“Why do you look at the speck of sawdust in your brother’s eye and pay no attention to the plank in your own eye? …You hypocrite, first take the plank out of your own eye, and then you will see clearly to remove the speck from your brother’s eye.”
Rabbi Joshua ben Joseph, Matthew 7:3-5 New International Version (NIV)
Deborah Price opened our eyes to the “speck of sawdust” in our own eyes at a recent Financial Planning Association meeting (click HERE).
I was reminded of the quote above because we all have a speck or two of sawdust about money—we all work with money, whether as business owners or financial planners. So, our best antidote is to be aware of the unspoken life-assumptions: the planks that shape our own attitudes and behaviors around money.
This simple survey tool can shed some light on your money behaviors. Price’s tool will begin to give you language about your own and others’ attitudes and behaviors related to money.
Regardless of which side of the business table you sit at, being aware of your money type can help shape your attitudes and actions about the following:
- when giving or receiving advice
- when making good decisions about whether you view money from your business or your personal finances as “expenses” or “investments”
- present or future consumption
- something dreadful or awesome.
Drawing on the latest research in neuroscience, neuroeconomics and behavioral finance, Price refers to “three levels of management” in the brain that govern our financial decision-making: lower management, middle management and executive management/CFO.
Lower Management
This has been with us for millions of years and is the most primitive part of the brain. It is the part of our brain that is largely instinctive and reactive; it can trigger our fight/flight/freeze responses. We literally feel this when we erupt in anger (fight), feel our blood pressure rise (flight), or have our stomach churn or brain slow to a near standstill (freeze) at the thought of meeting with a financial planner.
Middle Management
This kicks in when the brain accesses conscious or unconscious memories and feelings from our childhood. This part of our financial decision-making can cause patterns of avoidance or resistance relative to money or other adverse behaviors due to uncomfortable feelings or associated money memories and experiences from childhood and beyond. They can also lead to behaviors like procrastination or rash, instinctive responses to a hot piece of market information. We “know” just enough to be dangerous!
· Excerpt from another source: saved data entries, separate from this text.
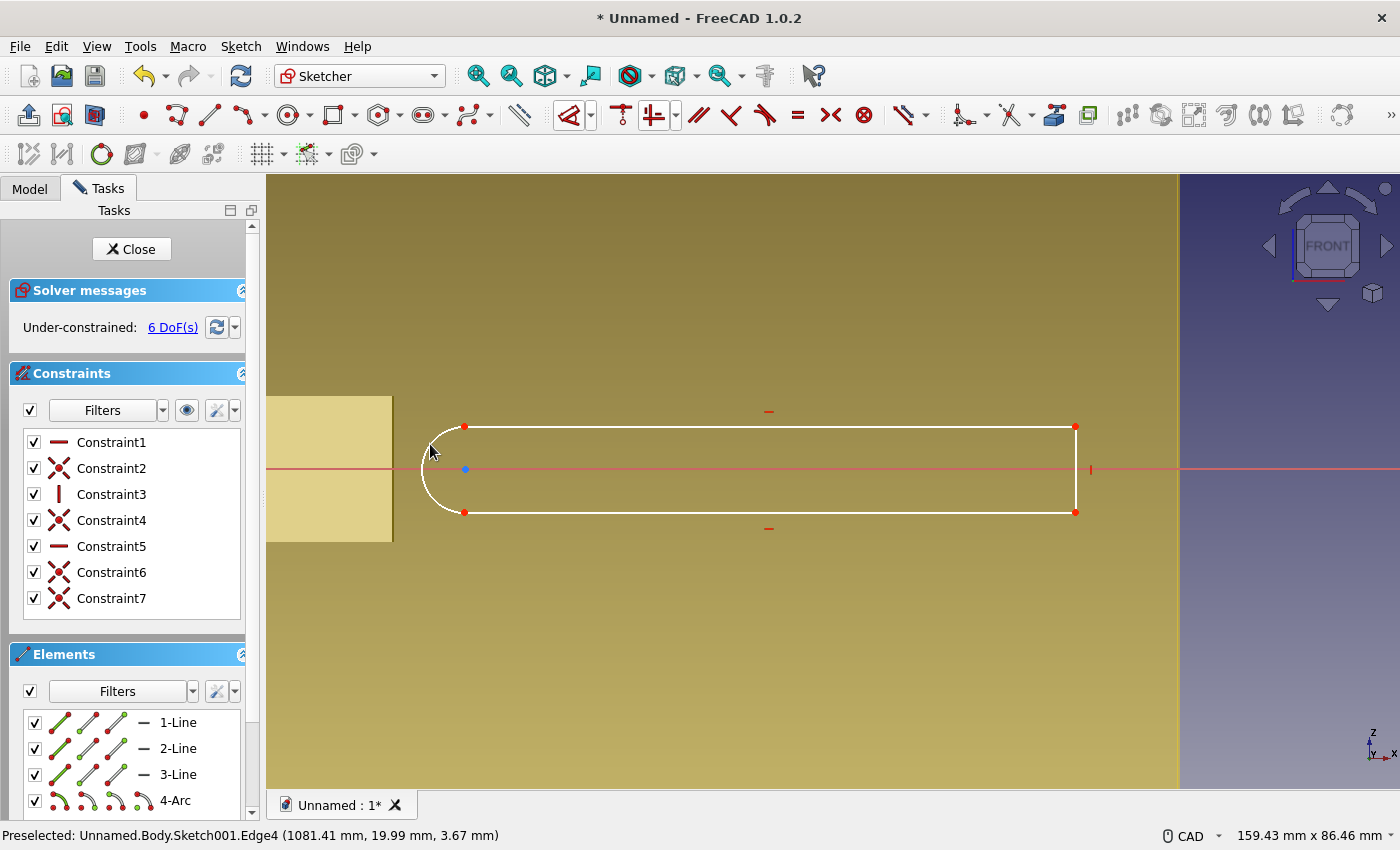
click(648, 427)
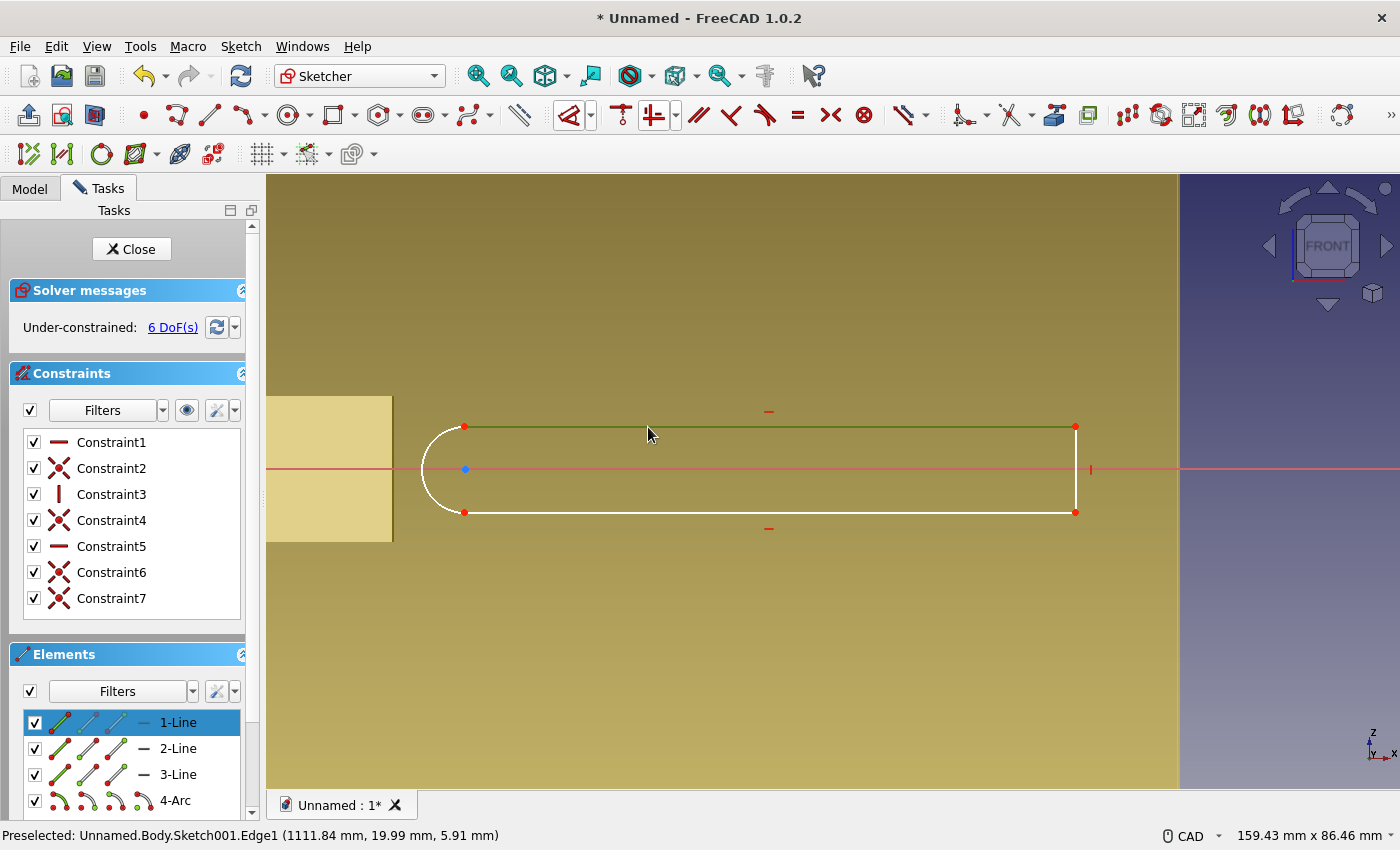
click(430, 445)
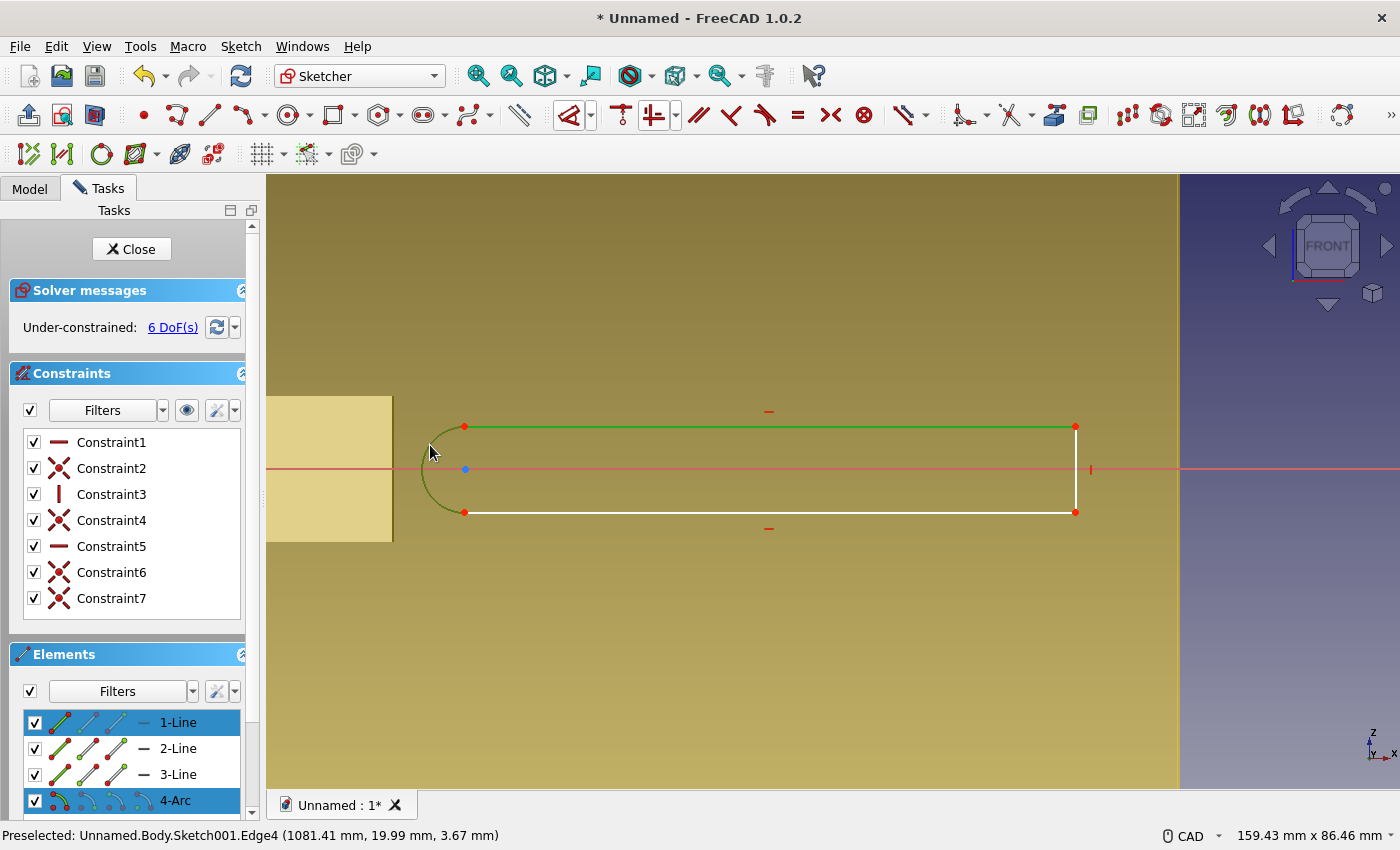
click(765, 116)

Executive Management/The CFO
This part of our brain is the trained, rational decision-maker that takes a slower, more disciplined approach to money matters (rather than emotional, or reactionary like the lower and middle management brains!). This part makes the final decisions based on the best holistic information and strategic planning we give or receive on opposite sides of the financial planning table.
Other behavioral finance experts have noted that the key to good financial advising is to help the client keep all three levels of management talking with each other. The temptation is to appeal to the CFO—where most CFPs excel–and view the other two levels of management as not worth the time. However, the backlash comes when the other levels are not taken seriously and rebel causing our clients (and us) to make unwise decisions.
Recognizing the plank in our own eye is the first step to removing the specks out of our clients’ eyes!
Toolkit:
Here are some ideas on how you might increase your self-awareness to become a more effective financial planner and business owner:
- Take the complementary survey.
- Read up on your archetypes and reflect on how they show up in your business. While Magician is the ideal money type, we all need both Warrior and Creator/Artist aspects.
- Examine points of frustration with yourself and your employees and/or clients: what archetype might s/he be operating from? What might you do to work with him?